Association for Electrical, Electronic & Information Technologies (VDE)
“Germany as a business location: Energiewende beats Industry 4.0”
A majority of companies in the electrical industry is confident Germany will strengthen its international economic standing thanks to its capacity for innovation and its technological prowess, according to a survey from industry association VDE. Six out of ten companies believe the Energiewende, including smart grids and efficiency, offers the best potential for making Germany a good place to do business. Four out of ten companies said smart factories – dubbed industry 4.0 – offer the best potential.
Find a press release about the survey in German here.
“In an open cast mine of arguments”
Despite loud protests from unions and the coal industry, Germany’s Federal Minister for Economic Affairs and Energy, Sigmar Gabriel, appears to be resolute about introducing the proposed CO2 levy on old coal-fired power plants, according to an article in Süddeutsche Zeitung. The Social Democrat’s Ministry ardently defended the levy in written answers to criticism from members of the conservative CDU, writes Michael Bauchmüller. “The levy blends into a structural change which is underway in any case and will at most gravely affect old, inefficient and written-off plants,” Bauchmüller cites from the answers. The issue has become Gabriel’s most serious conflict yet, but he does not seem to harbour any doubt about the project, concludes Bauchmüller.
Read a CLEW article about the conflict about the levy here.
dpa/ Hamburger Abendblatt
“Greens accuse trade unions of populism”
The Green Party is backing Energy Minister Gabriel’s plans for a climate levy on old coal-fired power stations and has accused the trade unions of propaganda “on the back of the employees” in the brown coal (lignite) industry, dpa writes. Trade union Verdi had warned that 100,000 jobs would be lost because of the climate levy, “despite the fact that only 20,000 people work in the brown coal sector,” the Greens leadership said. Minister Gabriel’s suggestion was a mere drop in the ocean and would not lead to an end of brown coal power generation, they said.

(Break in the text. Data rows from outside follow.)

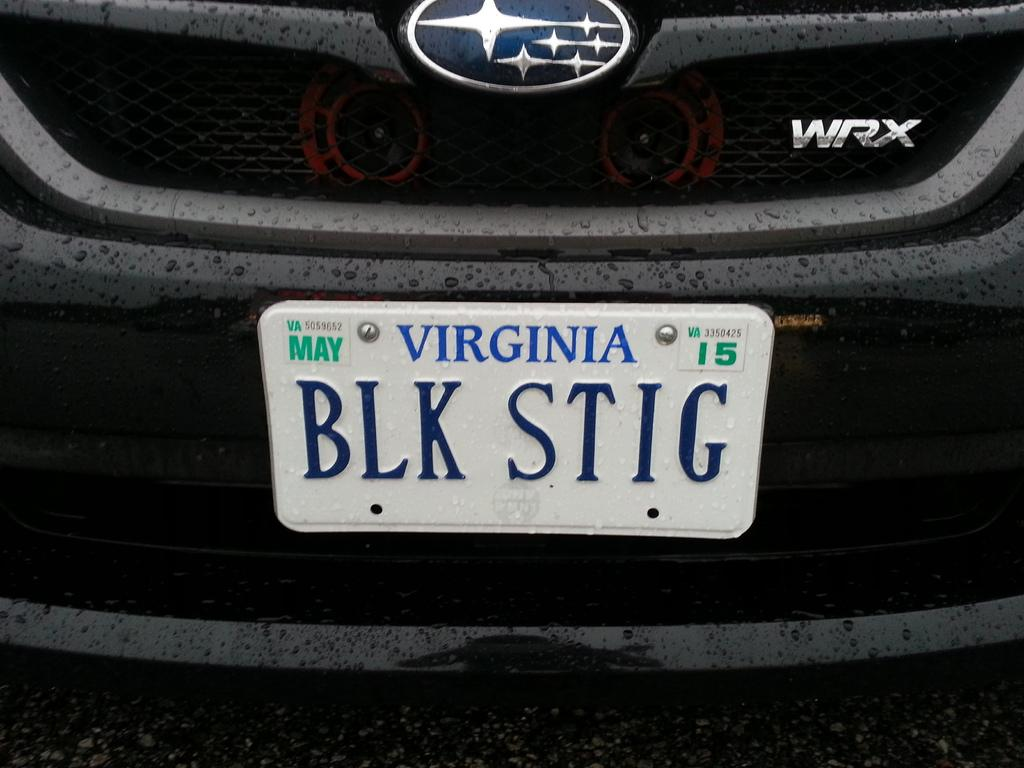<image>
Give a short and clear explanation of the subsequent image. A Subaru model WRX with a Virginia license plate that says BLK STIG. 
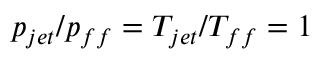<formula> <loc_0><loc_0><loc_500><loc_500>p _ { j e t } / p _ { f f } = T _ { j e t } / T _ { f f } = 1</formula> 
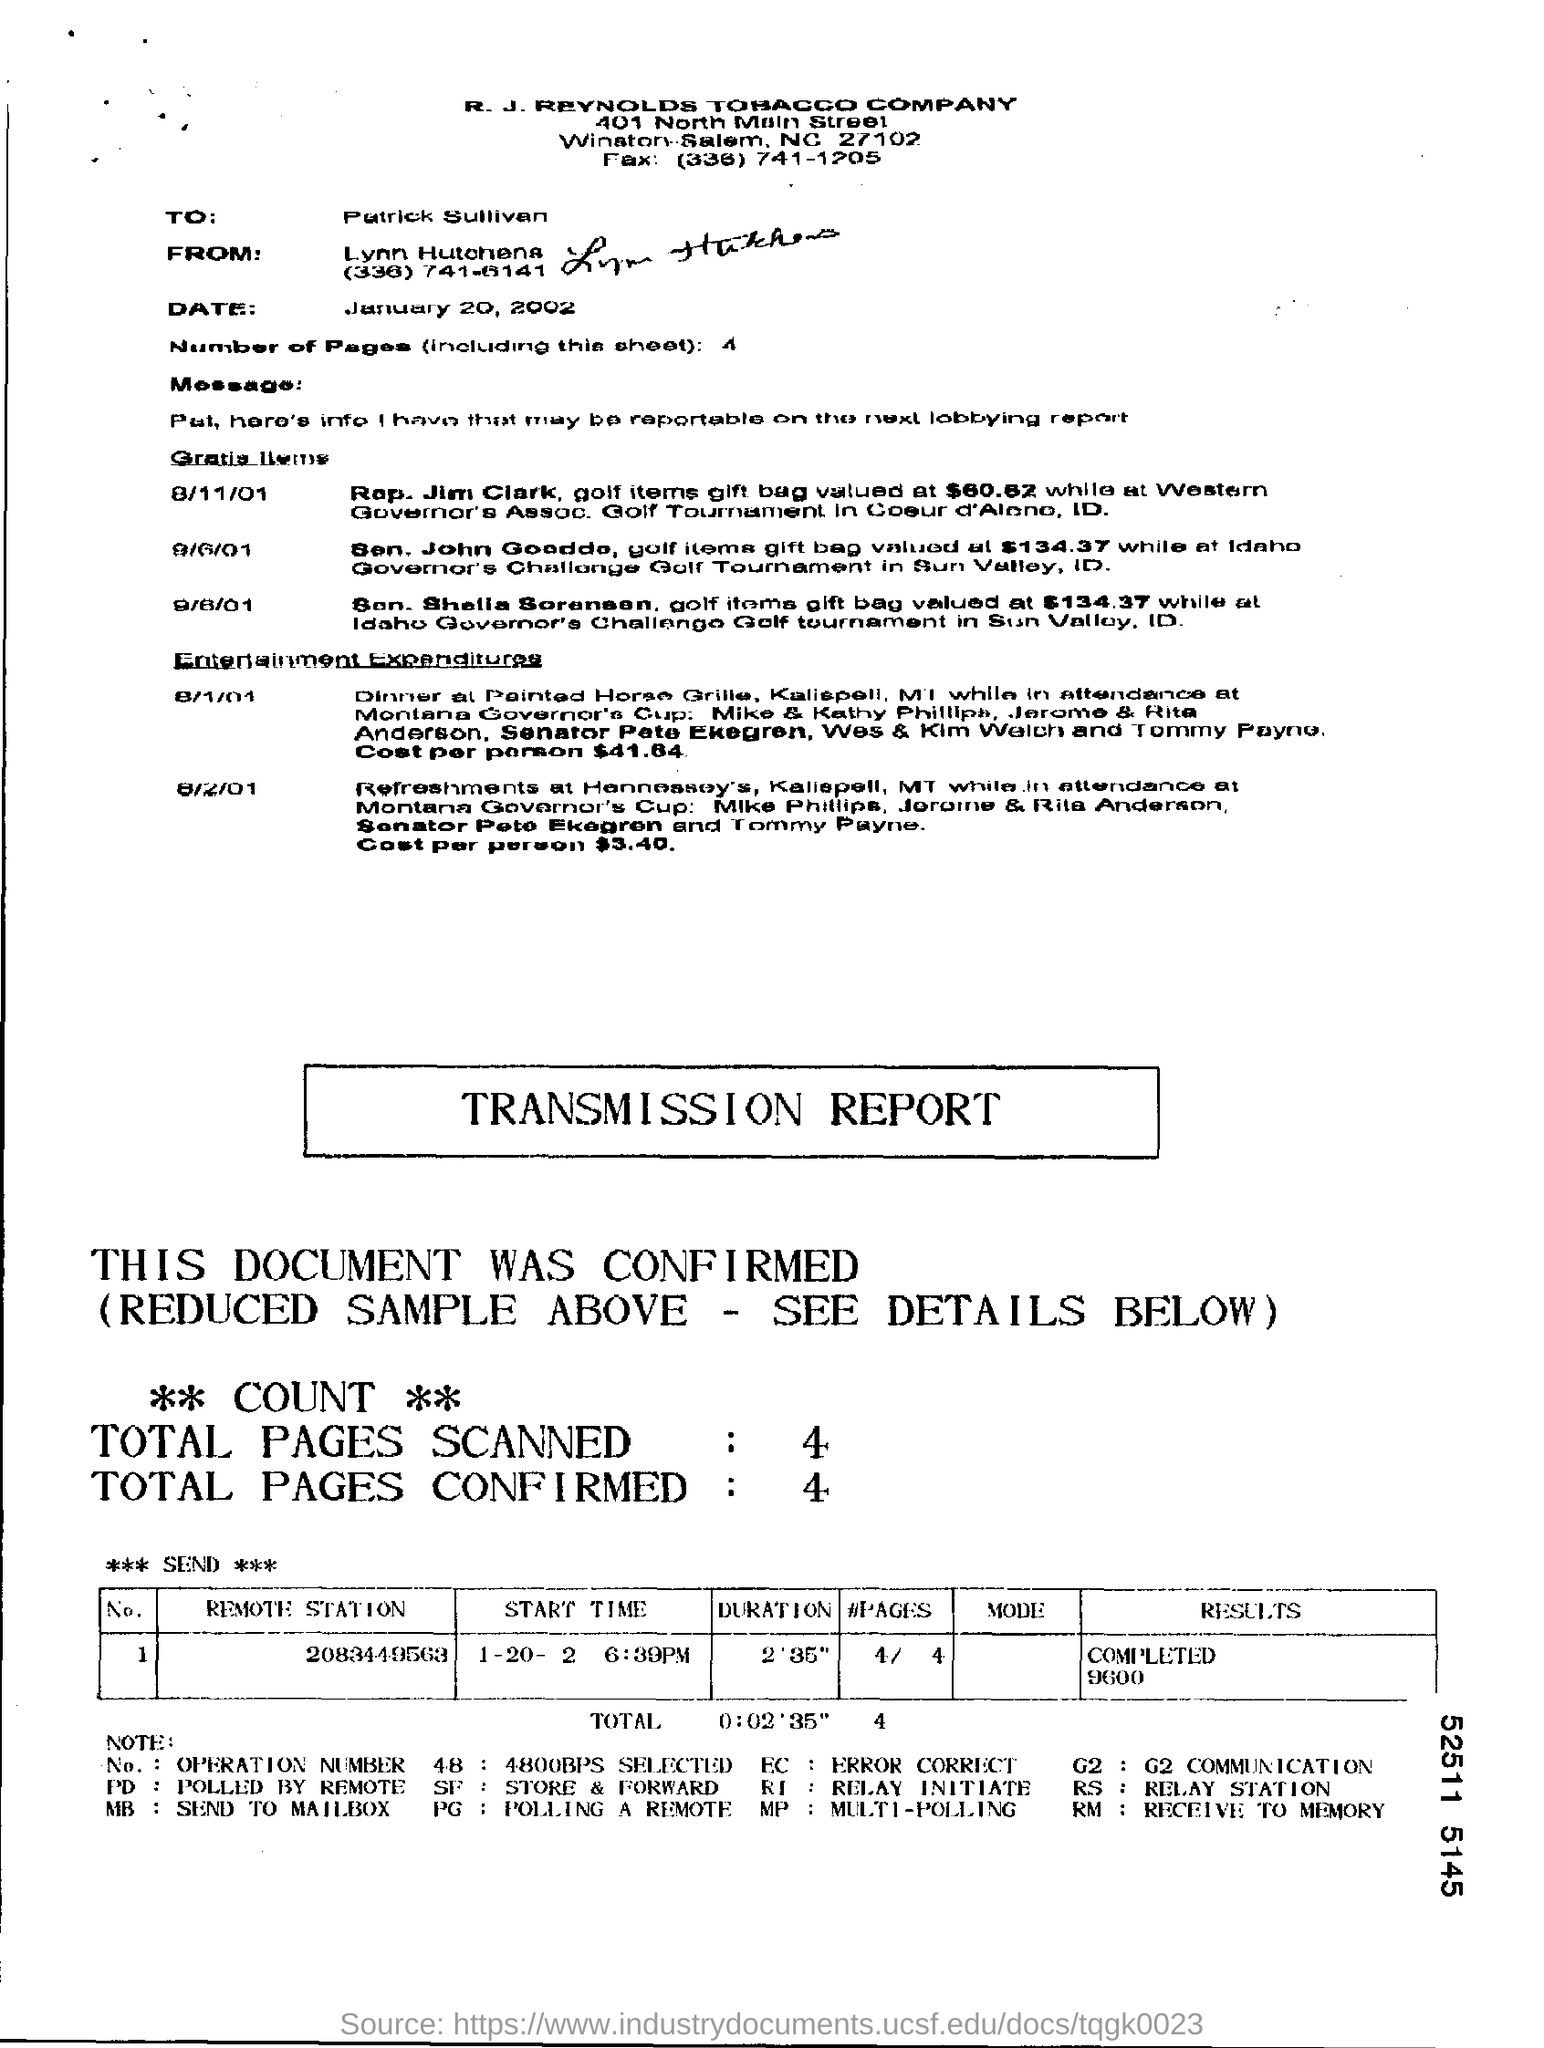Specify some key components in this picture. In total, 4 pages were scanned. The subject of the message is unclear. It is possible that "Patrick Sullivan" is the recipient, but this is not certain. There are four pages in the fax, including the cover sheet. There are a total of 4 pages in the document, including this sheet. R.J Reynolds Tobacco Company is located in the state of North Carolina, which is abbreviated as NC.

Read the article in German here.
“Wind power: Germany top in Europe”
Berlin infographic-outlet Strom-Report has compiled figures on Germany’s wind power sector, showing that with 24,867 installed turbines with a capacity of 38,115 megawatts, the country is leading wind development in Europe.
See the infographic and factsheet in English here.
Bundesverband Windenergie / DIW Econ
“Energy transition increases employment”
Consultancy DIW Econ has published a study for the German Wind Energy Association (BWE), showing that the transition to renewable energies has a positive net-effect on employment in Germany. Citing the findings from researchers at GWS, Prognos and EWI (2014), the authors say that an average of 18,000 jobs are added every year because of the energy transformation. They compare these figures to the number of jobs in mineral oil and coking in Germany (18,982) and the job growth in the chemicals industry of an added 16,800 between 2008 and 2013.
See the study in German here.
Study on effect of climate change on national fragility
A new study entitled “A New Climate for Peace – Taking Action on Climate and Fragility Risks“ by consultancies Adelphi (Berlin), International Alert (London), Woodrow Wilson Center (Washington DC) and the EU Institute for Security Studies (Paris) will serve as a basis for the G7 foreign ministers' talks in Lübeck this week, the German Foreign Office said. “Climate change makes it more difficult to deal with urbanisation, environment degradation and population growth and it poses a growing challenge for peace and stability,” Germany’s Foreign Minister Frank-Walter Steinmeier said in Berlin. He said the study would be used as a basis to develop joint measures on these issues, which was particularly important with the UN climate conference in Paris in mind. The study will be published after the G7 event in Lübeck finishes on Wednesday, the Foreign Office said.